Use the image to answer the question.
A 3-dimensional cone is placed on top of a 3-dimensional cylinder. One of the cylinder bases is common to the cone, with the same circumference.
A 3D modeler is designing a component of a castle in a video game. She places a cone on top of a cylinder so they line up and share the same radius. The cone and the cylinder share the same height.

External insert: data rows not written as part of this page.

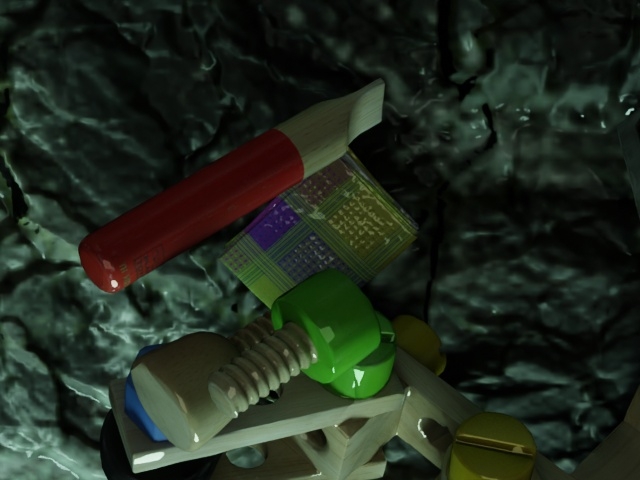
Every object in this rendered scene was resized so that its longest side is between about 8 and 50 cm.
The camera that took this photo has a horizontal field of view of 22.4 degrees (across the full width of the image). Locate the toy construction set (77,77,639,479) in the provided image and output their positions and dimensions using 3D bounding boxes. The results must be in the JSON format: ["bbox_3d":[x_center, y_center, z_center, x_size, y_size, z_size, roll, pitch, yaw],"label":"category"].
[{"bbox_3d":[0.051,0.075,0.688,0.237,0.257,0.309,-33,125,-25],"label":"toy construction set"}]

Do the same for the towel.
[{"bbox_3d":[0.000,0.000,0.757,0.060,0.009,0.083,44,110,-8],"label":"towel"}]

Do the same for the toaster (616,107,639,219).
[{"bbox_3d":[0.211,-0.036,0.620,0.168,0.186,0.110,-41,103,20],"label":"toaster"}]
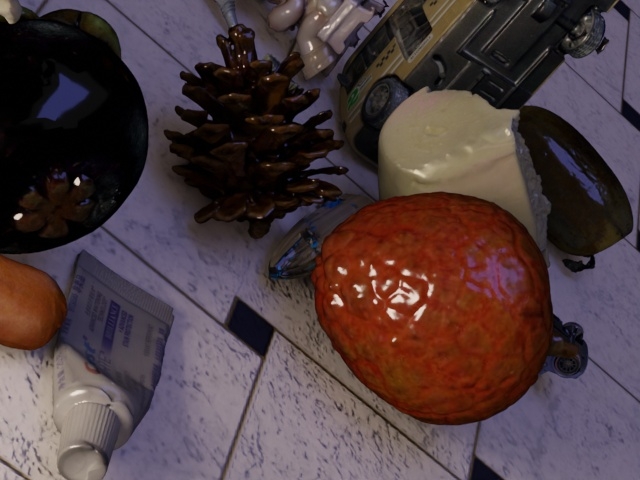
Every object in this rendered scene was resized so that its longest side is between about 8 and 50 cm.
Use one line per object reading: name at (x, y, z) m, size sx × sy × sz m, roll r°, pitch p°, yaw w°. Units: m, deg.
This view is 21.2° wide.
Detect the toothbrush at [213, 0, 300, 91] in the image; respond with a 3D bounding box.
toothbrush at (-0.138, -0.316, 2.047) m, size 0.375 × 0.037 × 0.028 m, roll 55°, pitch 29°, yaw 15°

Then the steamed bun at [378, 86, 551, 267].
steamed bun at (0.162, -0.075, 1.949) m, size 0.200 × 0.226 × 0.170 m, roll -9°, pitch 42°, yaw -2°

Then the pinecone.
pinecone at (-0.074, -0.115, 1.783) m, size 0.212 × 0.168 × 0.185 m, roll 65°, pitch 18°, yaw 0°

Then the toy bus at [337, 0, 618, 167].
toy bus at (0.183, -0.244, 2.063) m, size 0.177 × 0.365 × 0.202 m, roll 29°, pitch 25°, yaw -31°

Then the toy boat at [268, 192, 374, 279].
toy boat at (0.000, 0.000, 1.853) m, size 0.084 × 0.066 × 0.210 m, roll 27°, pitch 32°, yaw 21°

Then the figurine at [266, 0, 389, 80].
figurine at (-0.044, -0.331, 2.077) m, size 0.257 × 0.144 × 0.182 m, roll 46°, pitch 35°, yaw 0°

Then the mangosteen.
mangosteen at (-0.261, -0.101, 1.492) m, size 0.243 × 0.243 × 0.243 m, roll 32°, pitch 36°, yaw -26°

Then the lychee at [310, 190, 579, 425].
lychee at (0.136, 0.066, 1.778) m, size 0.300 × 0.255 × 0.255 m, roll 1°, pitch 51°, yaw -20°

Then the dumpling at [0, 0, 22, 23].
dumpling at (-0.402, -0.255, 1.420) m, size 0.318 × 0.187 × 0.243 m, roll 1°, pitch 40°, yaw 1°

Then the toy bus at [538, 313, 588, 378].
toy bus at (0.240, 0.105, 2.025) m, size 0.167 × 0.076 × 0.073 m, roll 40°, pitch 31°, yaw -12°

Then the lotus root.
lotus root at (0.322, -0.082, 2.282) m, size 0.241 × 0.123 × 0.124 m, roll 54°, pitch 23°, yaw 2°

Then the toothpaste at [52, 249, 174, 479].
toothpaste at (-0.188, 0.113, 1.508) m, size 0.282 × 0.068 × 0.099 m, roll -84°, pitch 154°, yaw -58°

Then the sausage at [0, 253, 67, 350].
sausage at (-0.300, 0.037, 1.427) m, size 0.197 × 0.076 × 0.076 m, roll 26°, pitch 39°, yaw -34°
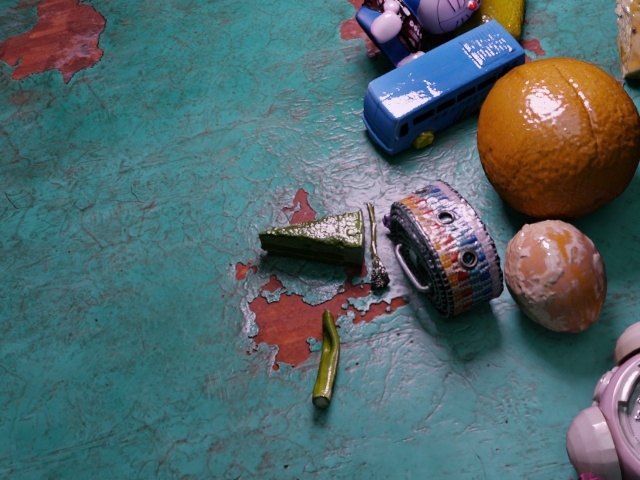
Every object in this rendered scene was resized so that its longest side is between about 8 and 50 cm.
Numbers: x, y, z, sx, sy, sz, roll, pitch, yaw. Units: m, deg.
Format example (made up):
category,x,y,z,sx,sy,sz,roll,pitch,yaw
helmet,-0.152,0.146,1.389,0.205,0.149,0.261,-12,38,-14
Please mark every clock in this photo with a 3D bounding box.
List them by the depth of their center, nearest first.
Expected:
category,x,y,z,sx,sy,sz,roll,pitch,yaw
clock,0.638,0.328,1.363,0.326,0.184,0.342,27,63,25

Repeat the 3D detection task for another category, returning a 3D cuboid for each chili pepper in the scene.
category,x,y,z,sx,sy,sz,roll,pitch,yaw
chili pepper,0.014,0.239,1.562,0.050,0.052,0.201,17,59,-17

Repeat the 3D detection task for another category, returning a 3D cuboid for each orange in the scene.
category,x,y,z,sx,sy,sz,roll,pitch,yaw
orange,0.486,-0.217,1.607,0.322,0.322,0.357,-19,54,-3

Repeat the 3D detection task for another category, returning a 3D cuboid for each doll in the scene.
category,x,y,z,sx,sy,sz,roll,pitch,yaw
doll,0.239,-0.573,1.811,0.310,0.284,0.240,-42,62,8

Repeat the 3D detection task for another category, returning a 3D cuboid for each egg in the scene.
category,x,y,z,sx,sy,sz,roll,pitch,yaw
egg,0.463,0.071,1.518,0.195,0.195,0.233,-32,79,-10

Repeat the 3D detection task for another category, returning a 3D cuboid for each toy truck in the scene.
category,x,y,z,sx,sy,sz,roll,pitch,yaw
toy truck,0.281,-0.354,1.793,0.385,0.162,0.161,-28,63,-8

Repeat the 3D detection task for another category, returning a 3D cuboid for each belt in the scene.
category,x,y,z,sx,sy,sz,roll,pitch,yaw
belt,0.235,0.013,1.570,0.160,0.207,0.295,-24,63,-9

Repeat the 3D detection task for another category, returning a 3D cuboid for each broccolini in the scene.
category,x,y,z,sx,sy,sz,roll,pitch,yaw
broccolini,0.116,0.011,1.691,0.044,0.042,0.218,-10,54,3

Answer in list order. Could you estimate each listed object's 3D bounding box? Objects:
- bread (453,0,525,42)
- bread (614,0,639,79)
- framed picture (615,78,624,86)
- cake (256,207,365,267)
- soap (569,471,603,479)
category,x,y,z,sx,sy,sz,roll,pitch,yaw
bread,0.440,-0.645,1.961,0.166,0.112,0.383,7,62,12
bread,0.818,-0.480,1.775,0.252,0.196,0.238,-5,59,8
framed picture,0.669,-0.363,1.835,0.089,0.006,0.066,15,64,15
cake,-0.016,0.013,1.662,0.235,0.100,0.099,-10,60,1
soap,0.411,0.463,1.272,0.162,0.250,0.099,-27,59,-6

If the volume of the cone is 50 cm3 , what is the volume of the whole object?
(1 point)
cm3
To find the volume of the whole object, we need to add the volume of the cone and the cylinder together.
The volume of a cone is given by the formula V = (1/3)πr^2h, where r is the radius and h is the height. Given that the cone has a volume of 50 cm3, we can set up the equation:
50 = (1/3)πr^2h
Since the cone and the cylinder have the same height and radius, we can represent the radius as r and the height as h.
The volume of a cylinder is given by the formula V = πr^2h. Therefore, the volume of the cylinder in this case would be:
V_cylinder = πr^2h
To find the volume of the whole object, we add the volume of the cone and the cylinder:
V_whole object = V_cone + V_cylinder
= (1/3)πr^2h + πr^2h
= πr^2h((1/3) + 1)
= πr^2h(4/3)
= (4π/3) r^2h
Therefore, the volume of the whole object is (4π/3) r^2h. However, the specific value in cm³ cannot be determined without knowing the values of the radius and height that correspond to the cone and cylinder.